• **Items from a dataset**
* * * * * * * * *
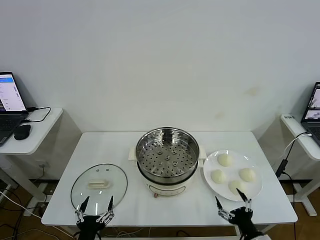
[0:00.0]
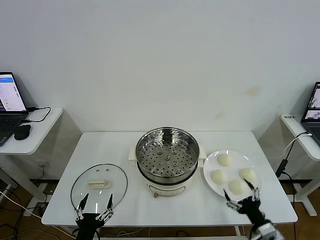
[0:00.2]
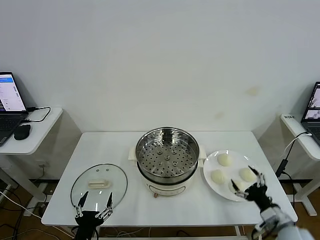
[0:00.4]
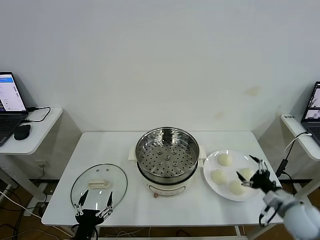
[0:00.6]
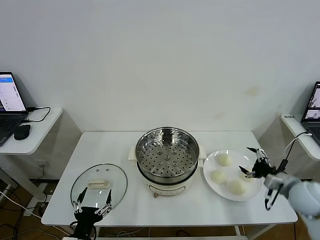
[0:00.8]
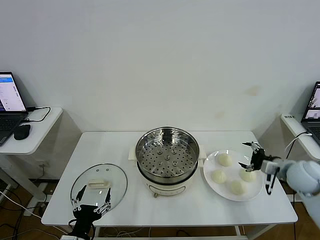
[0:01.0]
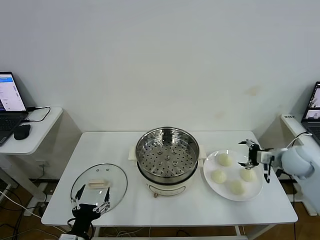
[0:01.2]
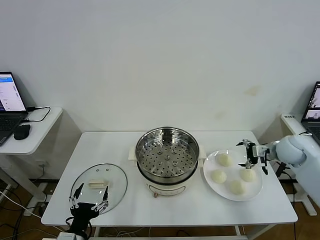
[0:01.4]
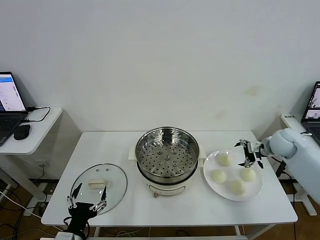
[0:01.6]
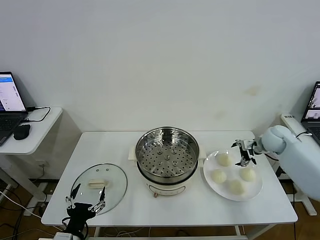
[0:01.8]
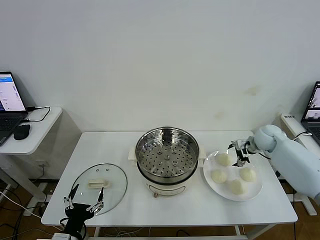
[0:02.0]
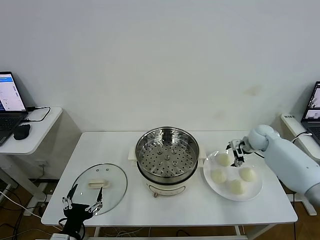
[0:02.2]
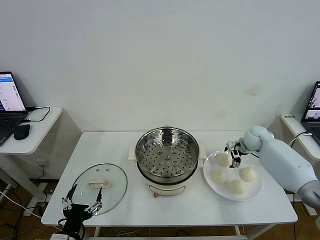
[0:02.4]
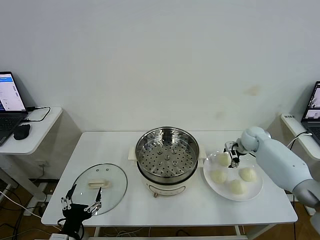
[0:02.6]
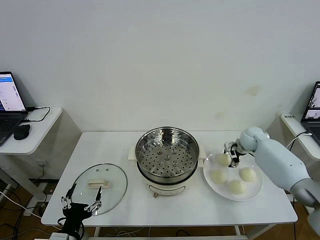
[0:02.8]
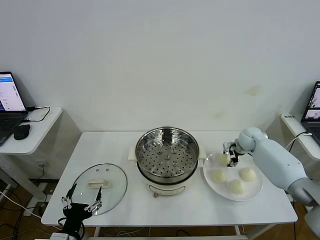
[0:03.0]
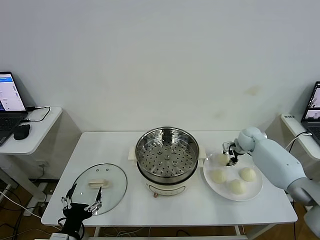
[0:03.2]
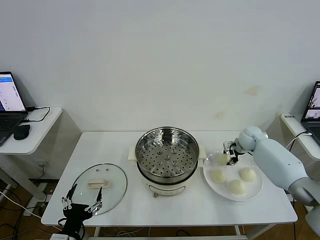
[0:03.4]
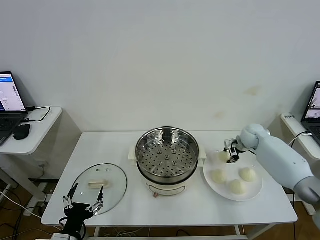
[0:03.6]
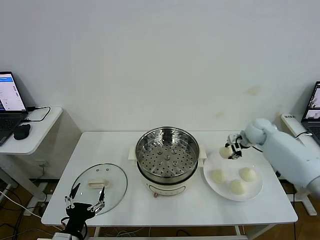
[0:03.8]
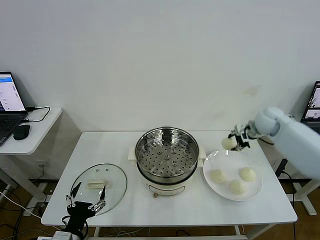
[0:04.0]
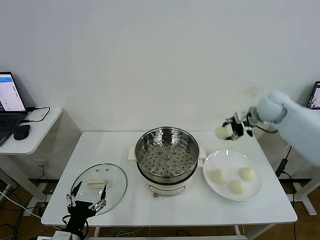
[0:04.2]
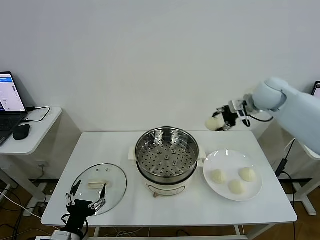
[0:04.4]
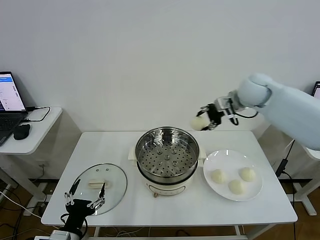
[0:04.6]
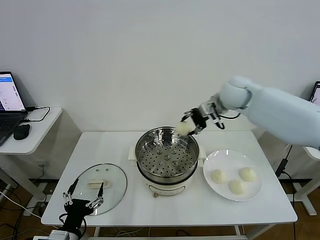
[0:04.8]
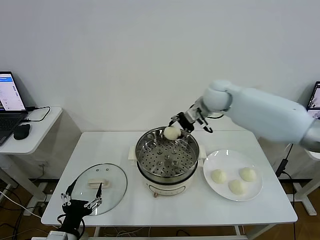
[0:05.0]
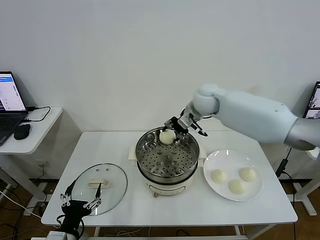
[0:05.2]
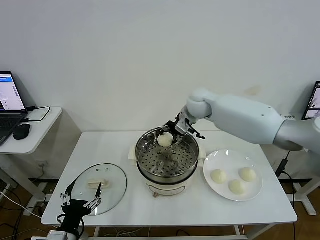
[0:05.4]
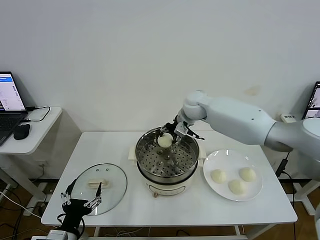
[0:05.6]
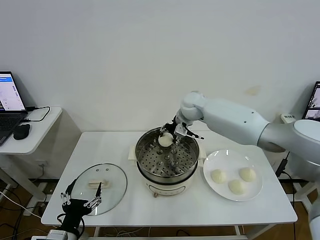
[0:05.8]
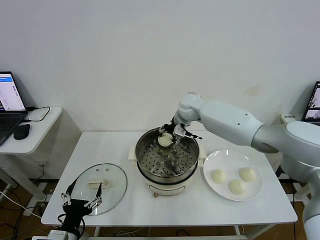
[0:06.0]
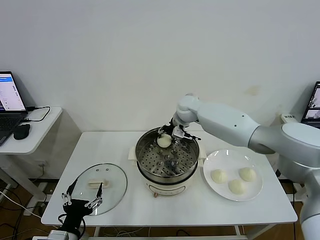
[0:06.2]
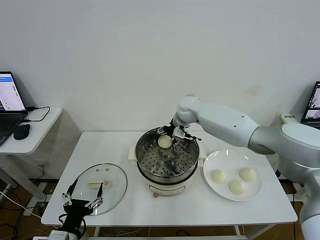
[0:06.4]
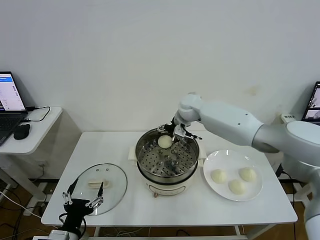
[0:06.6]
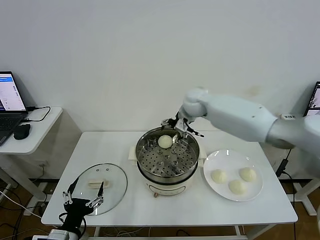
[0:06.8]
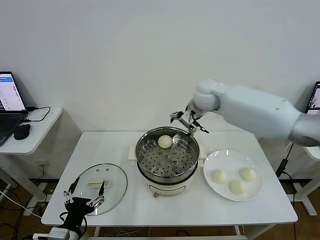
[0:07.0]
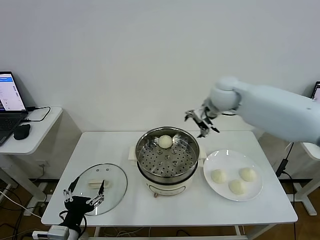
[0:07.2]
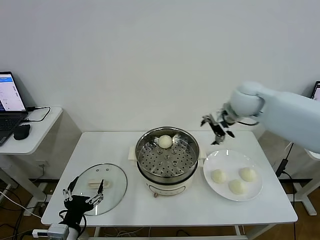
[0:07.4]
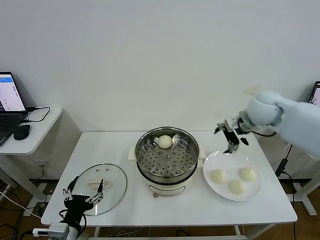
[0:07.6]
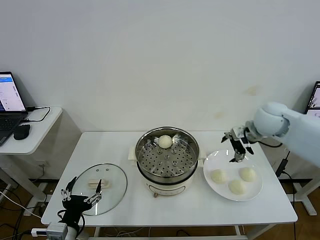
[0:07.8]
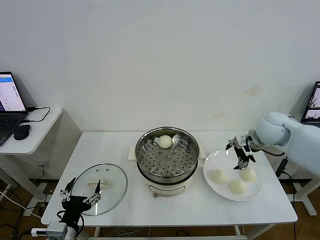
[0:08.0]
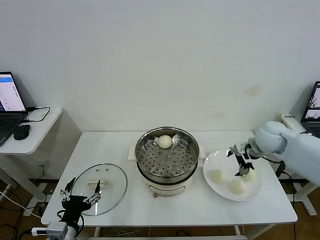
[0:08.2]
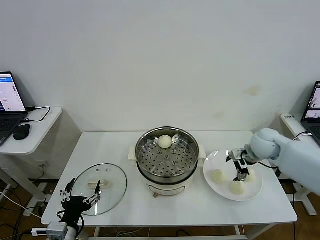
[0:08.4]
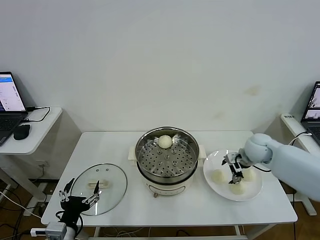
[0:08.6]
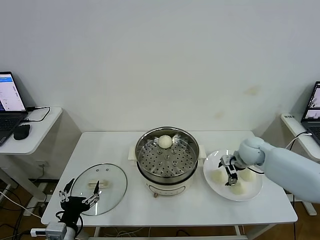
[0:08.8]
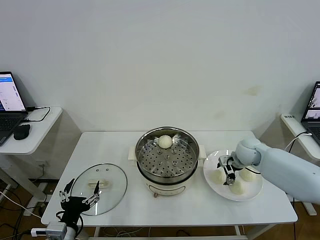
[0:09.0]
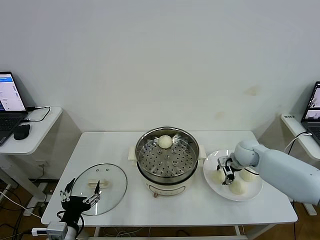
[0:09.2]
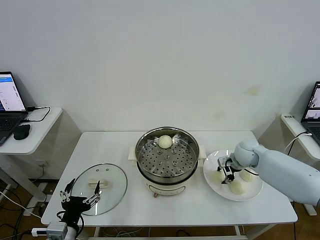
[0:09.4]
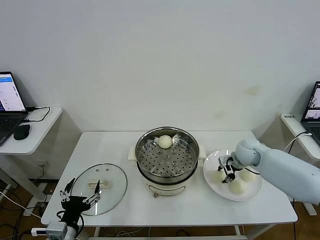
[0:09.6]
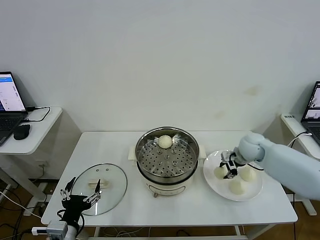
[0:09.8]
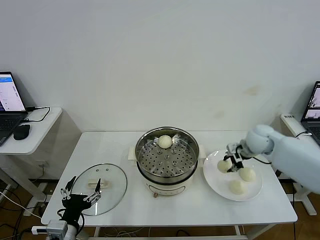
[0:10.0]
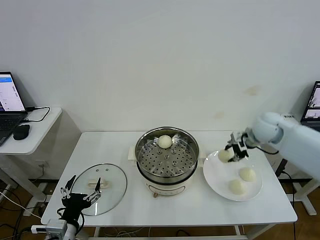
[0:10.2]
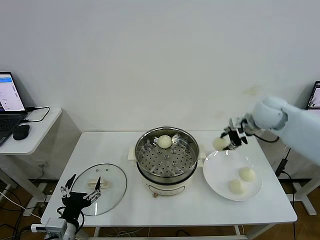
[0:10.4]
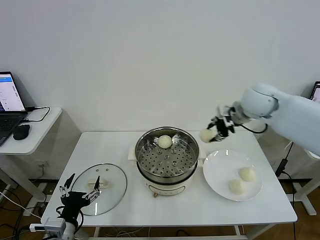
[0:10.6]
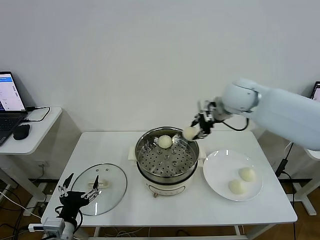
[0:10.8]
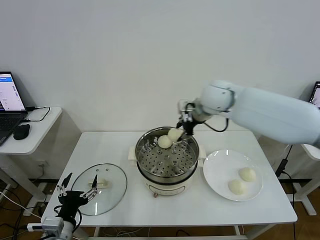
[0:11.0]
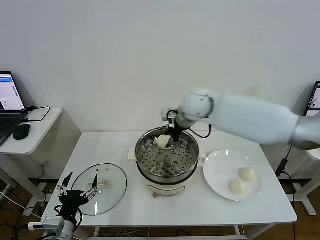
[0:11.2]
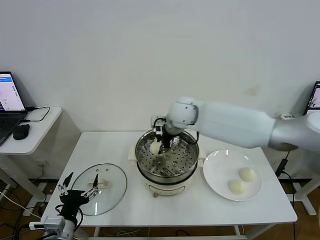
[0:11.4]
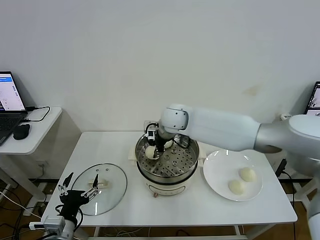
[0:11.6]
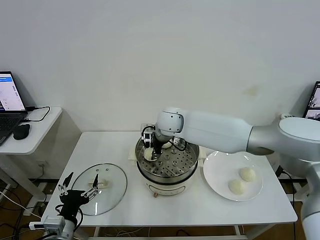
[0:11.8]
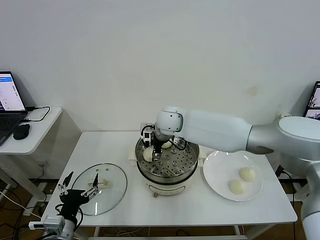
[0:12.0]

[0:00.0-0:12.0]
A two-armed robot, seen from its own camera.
Step, 0:00.0 to 0:03.4: Grasp the baozi in the plate with right gripper.
Step, 0:03.6 to 0:06.8: Place the baozi on the steamer with right gripper.
Step, 0:07.0 to 0:09.4: Grasp the baozi in the plate with right gripper.
0:01.6 to 0:03.0: The right gripper heads downward, forward and to the left, covering approximately 10 cm, and closes.
0:03.0 to 0:04.4: The right gripper is displaced upward by approximately 25 cm.
0:04.4 to 0:06.0: The right gripper moves to the left and downward, about 20 cm.
0:06.0 to 0:07.6: The right gripper goes approximately 25 cm to the right and backward, and opens.
0:07.6 to 0:09.0: The right gripper is displaced downward by about 20 cm.
0:09.0 to 0:10.4: The right gripper travels upward by approximately 20 cm, and closes up.
0:10.4 to 0:12.0: The right gripper travels to the left by roughly 25 cm, and opens.

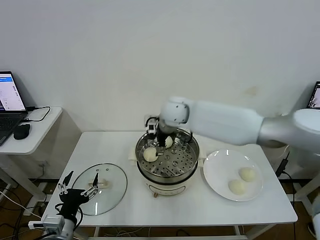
* * * * * * * * *
• **Task goal**
Please copy the data above exactly, omitting the pictures.

• **Answer to the problem**
[0:00.0]
[0:00.2]
[0:00.4]
[0:00.6]
[0:00.8]
[0:01.0]
[0:01.2]
[0:01.4]
[0:01.6]
[0:01.8]
[0:02.0]
[0:02.2]
[0:02.4]
[0:02.6]
[0:02.8]
[0:03.0]
[0:03.2]
[0:03.4]
[0:03.6]
[0:03.8]
[0:04.0]
[0:04.2]
[0:04.4]
[0:04.6]
[0:04.8]
[0:05.0]
[0:05.2]
[0:05.4]
[0:05.6]
[0:05.8]
[0:06.0]
[0:06.2]
[0:06.4]
[0:06.6]
[0:06.8]
[0:07.0]
[0:07.2]
[0:07.4]
[0:07.6]
[0:07.8]
[0:08.0]
[0:08.2]
[0:08.4]
[0:08.6]
[0:08.8]
[0:09.0]
[0:09.2]
[0:09.4]
[0:09.6]
[0:09.8]
[0:10.0]
[0:10.2]
[0:10.4]
[0:10.6]
[0:10.8]
[0:11.0]
[0:11.2]
[0:11.4]
[0:11.6]
[0:11.8]
[0:12.0]

[0:00.0-0:12.0]
A two-armed robot, seen from its own camera.
Step, 0:00.0 to 0:03.4: Grasp the baozi in the plate with right gripper.
Step, 0:03.6 to 0:06.8: Place the baozi on the steamer with right gripper.
Step, 0:07.0 to 0:09.4: Grasp the baozi in the plate with right gripper.
0:01.6 to 0:03.0: The right gripper heads downward, forward and to the left, covering approximately 10 cm, and closes.
0:03.0 to 0:04.4: The right gripper is displaced upward by approximately 25 cm.
0:04.4 to 0:06.0: The right gripper moves to the left and downward, about 20 cm.
0:06.0 to 0:07.6: The right gripper goes approximately 25 cm to the right and backward, and opens.
0:07.6 to 0:09.0: The right gripper is displaced downward by about 20 cm.
0:09.0 to 0:10.4: The right gripper travels upward by approximately 20 cm, and closes up.
0:10.4 to 0:12.0: The right gripper travels to the left by roughly 25 cm, and opens.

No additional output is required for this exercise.